I shall focus on the first of those elements because it is the more substantive part of the clause and because we have already debated the delegated power in relation to Amendments Nos. 9, 10 and 11. As I explained, the Bill will ensure that Government are prepared for either eventuality regarding British Energy's restructuring deal. It allows us to play our part in the restructuring if the company can deliver on the other elements of that deal. However, it also ensures that we are prepared for the eventuality that the deal fails and the company goes into administration.

If the company goes into administration, the Government need to ensure continuity for the nuclear business. We will do that by ensuring that they can step in to acquire BE if necessary. That is why we are removing the existing target investment limit block from the Electricity Act.

I have explained why the Government want to be in a position to acquire shares in the BE operating companies. Let me now in turn explain why we are doing that by repealing Sections 72 and 74 of the Electricity Act 1989 in their entirety rather than through some more narrow provision that relates only to BE. The simple fact is that the provisions are now outdated and inappropriate to the current electricity industry and we believe that it is sensible simply to remove them.

The provision of a target investment limit through Section 74 may well have made sense at the time of privatisation. It would have given some level of certainty to investors that the privatisation process would be carried through and not immediately reversed. However, those provisions are of very limited relevance now, a decade later, when the industry looks nothing like it did in 1989. The provisions are very narrowly defined and relate only to a small number of companies: the successor companies created in the industry restructuring for privatisation. They apply only to that small number of specific Companies Act companies and not to any wider corporate group of which those companies may now be a part or to any new ones. The provisions from 1989 do not anticipate the fact that the assets that were privatised a decade ago may no longer he part of the same Companies Act company—for example, if a company has restructured itself by moving assets into a new company within the same group. The provisions certainly do not take account of all the new entrant companies that have come into the market since then. In short, the provision relates quite narrowly to a specific set of companies from 1989 and not to the electricity industry as a whole.

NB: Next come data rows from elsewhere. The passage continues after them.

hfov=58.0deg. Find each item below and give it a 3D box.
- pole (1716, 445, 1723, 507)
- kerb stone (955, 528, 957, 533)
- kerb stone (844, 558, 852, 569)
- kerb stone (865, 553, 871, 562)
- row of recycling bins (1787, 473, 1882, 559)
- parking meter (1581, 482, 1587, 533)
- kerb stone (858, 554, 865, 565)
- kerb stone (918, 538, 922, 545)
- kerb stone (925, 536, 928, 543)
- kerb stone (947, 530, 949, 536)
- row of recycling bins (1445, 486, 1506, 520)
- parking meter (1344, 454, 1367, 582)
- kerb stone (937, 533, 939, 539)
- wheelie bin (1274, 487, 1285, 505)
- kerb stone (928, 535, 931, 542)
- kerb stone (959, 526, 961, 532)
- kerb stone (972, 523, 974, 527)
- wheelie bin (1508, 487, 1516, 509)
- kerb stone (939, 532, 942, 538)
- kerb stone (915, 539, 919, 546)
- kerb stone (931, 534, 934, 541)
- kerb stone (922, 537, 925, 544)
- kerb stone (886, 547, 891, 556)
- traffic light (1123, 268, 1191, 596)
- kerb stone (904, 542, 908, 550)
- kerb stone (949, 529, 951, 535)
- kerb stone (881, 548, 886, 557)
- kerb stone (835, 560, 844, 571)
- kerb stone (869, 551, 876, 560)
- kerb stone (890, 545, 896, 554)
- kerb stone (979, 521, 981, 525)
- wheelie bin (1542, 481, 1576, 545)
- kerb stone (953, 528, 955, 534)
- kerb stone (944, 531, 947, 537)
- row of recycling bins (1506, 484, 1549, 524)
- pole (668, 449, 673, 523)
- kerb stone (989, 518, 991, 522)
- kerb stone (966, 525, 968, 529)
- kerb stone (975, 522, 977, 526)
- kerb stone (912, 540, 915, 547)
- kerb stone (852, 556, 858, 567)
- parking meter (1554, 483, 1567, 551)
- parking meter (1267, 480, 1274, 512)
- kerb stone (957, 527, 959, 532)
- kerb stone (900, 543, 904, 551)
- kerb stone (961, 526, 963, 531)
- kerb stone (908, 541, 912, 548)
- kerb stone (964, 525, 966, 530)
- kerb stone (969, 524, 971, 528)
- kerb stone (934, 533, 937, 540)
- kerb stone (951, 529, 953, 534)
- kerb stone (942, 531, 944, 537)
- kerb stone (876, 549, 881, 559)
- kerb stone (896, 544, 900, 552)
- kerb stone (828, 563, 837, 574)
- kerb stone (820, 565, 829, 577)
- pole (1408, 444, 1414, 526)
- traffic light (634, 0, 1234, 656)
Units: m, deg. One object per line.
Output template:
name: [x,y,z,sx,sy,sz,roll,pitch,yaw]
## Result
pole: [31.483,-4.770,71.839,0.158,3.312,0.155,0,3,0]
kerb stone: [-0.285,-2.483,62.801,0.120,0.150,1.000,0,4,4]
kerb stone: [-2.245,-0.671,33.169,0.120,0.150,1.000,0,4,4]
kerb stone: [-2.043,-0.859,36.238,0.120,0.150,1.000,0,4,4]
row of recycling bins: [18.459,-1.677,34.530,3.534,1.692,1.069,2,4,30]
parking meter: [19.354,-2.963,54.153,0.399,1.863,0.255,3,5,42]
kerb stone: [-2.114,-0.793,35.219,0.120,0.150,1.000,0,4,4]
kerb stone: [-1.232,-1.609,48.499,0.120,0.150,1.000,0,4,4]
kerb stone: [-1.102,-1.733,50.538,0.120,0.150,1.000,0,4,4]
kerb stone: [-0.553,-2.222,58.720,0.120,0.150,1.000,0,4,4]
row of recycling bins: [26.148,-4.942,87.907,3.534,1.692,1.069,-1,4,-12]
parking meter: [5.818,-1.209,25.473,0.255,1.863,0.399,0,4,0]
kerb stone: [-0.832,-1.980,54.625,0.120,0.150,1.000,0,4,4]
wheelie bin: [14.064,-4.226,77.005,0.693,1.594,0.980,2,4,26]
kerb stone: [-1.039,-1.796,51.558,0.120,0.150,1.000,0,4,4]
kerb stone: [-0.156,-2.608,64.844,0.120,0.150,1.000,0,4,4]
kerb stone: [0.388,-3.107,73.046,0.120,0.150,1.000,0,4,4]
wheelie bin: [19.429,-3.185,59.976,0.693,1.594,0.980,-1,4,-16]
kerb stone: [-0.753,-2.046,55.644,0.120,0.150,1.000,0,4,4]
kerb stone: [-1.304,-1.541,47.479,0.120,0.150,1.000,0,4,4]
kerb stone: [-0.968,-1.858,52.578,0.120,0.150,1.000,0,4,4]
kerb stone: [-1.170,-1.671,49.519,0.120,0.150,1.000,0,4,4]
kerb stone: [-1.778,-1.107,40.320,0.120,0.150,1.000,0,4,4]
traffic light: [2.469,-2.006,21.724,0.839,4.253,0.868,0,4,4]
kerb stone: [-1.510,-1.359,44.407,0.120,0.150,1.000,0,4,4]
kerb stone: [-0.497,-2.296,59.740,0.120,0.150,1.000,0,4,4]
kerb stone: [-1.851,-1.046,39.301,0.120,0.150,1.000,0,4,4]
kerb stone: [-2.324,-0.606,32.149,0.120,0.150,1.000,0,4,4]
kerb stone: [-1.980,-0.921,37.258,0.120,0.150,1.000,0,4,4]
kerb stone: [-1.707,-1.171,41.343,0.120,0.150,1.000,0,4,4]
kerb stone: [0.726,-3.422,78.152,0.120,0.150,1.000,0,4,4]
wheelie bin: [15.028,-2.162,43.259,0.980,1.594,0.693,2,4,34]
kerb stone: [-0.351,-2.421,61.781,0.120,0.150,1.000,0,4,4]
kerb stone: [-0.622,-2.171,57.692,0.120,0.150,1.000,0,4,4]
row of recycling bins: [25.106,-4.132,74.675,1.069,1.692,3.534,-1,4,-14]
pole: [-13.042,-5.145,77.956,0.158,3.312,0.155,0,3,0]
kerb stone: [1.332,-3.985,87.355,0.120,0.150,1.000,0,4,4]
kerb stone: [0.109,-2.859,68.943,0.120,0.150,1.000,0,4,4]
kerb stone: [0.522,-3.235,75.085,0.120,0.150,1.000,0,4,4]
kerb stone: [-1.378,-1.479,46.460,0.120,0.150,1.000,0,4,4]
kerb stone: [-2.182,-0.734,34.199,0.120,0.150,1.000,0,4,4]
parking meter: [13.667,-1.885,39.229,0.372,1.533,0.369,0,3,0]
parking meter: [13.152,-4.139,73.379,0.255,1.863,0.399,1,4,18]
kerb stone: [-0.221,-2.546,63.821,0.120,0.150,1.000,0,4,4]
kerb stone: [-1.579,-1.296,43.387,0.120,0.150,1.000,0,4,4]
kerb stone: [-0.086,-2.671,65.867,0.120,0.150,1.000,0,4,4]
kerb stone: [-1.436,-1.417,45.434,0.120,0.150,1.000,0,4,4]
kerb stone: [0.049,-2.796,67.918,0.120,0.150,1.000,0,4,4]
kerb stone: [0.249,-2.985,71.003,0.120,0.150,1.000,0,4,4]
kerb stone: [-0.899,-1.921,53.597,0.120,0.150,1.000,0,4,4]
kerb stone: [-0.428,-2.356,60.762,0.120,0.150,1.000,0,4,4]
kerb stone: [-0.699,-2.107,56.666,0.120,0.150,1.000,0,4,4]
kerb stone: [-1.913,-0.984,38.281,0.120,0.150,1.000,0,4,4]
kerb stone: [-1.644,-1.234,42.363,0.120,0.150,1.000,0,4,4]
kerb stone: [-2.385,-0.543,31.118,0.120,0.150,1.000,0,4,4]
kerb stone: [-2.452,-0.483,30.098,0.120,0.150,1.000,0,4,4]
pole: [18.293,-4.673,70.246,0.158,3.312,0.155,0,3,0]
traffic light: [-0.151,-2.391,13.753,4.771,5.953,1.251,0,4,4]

Indeed, there is a significant portion of the electricity industry to which the restriction on the Government's ability to purchase shares does not apply. In the generation sector, new entry and reorganisation already mean that much electricity generation plant is no longer held by successor companies under the Electricity Act 1989. As a result of the Utilities Act 2000, the former public electricity supply companies were required to reorganise themselves into separate supply and distribution companies, again making changes to the industry structure. So, the current barrier to acquiring shares in companies does not apply in a uniform manner. There is no level playing field. It applies in some cases and not in others: whether it applies or not is often a matter of historical accident rather than deliberate logic. The repeal of Sections 72 and 74 would simply remove the indiscriminate application of that law.

I know that some noble Lords have questioned why the Government should still be taking the provision forward, given the progress that has been achieved by BE in relation to the restructuring deal. In particular, I refer to the agreement in principle by BE's creditors on 14th February. Indeed, at Second Reading the noble Baroness said: Despite the fact that an acceptable restructuring scheme has been achieved, the Government are still pressing ahead with the Bill in its present form allowing for the two alternatives of there being a scheme or there being no scheme … Why are we not considering a new Bill covering the situation as it now exists, rather than what it might have been without the restructuring scheme?".—[Official Report, 3/3/03; col. 610.] I admire the noble Baroness's optimism, but we must take a responsible position and be prepared for the worst. British Energy is by no means out of the woods on delivering its restructuring plan. Several important hurdles remain. BE has an agreement in principle from its creditors that it must take it a step further and get a full, binding agreement. It must also sell its stake in AmerGen, its venture in the United States, and the restructuring plan must be agreed by the European Commission under the state aid rules. None of those things is in any way a foregone conclusion, and there is still a realistic possibility that the restructuring plan could fail and the company end up in administration.

A failure of the BE restructuring plan could happen, in spite of what the noble Lord, Lord Jenkin of Roding, said, with limited warning, and Parliament might not be sitting. So, it would be remiss and shortsighted to assume that the risk of administration had gone away and to remove the provisions from the Bill.

Clause 2 agreed to.

Clause 3 [Amendment of Schedule 12 to the Electricity Act 1989]:

Baroness Miller of Hendon moved Amendment No. 12:

Page 2, line 29, leave out subsection (2) and insert— "(2) In paragraph 4(1) (financial limits on grants, loans and guarantees under that Schedule) for "£2,500 million" there is substituted "£5,000 million"."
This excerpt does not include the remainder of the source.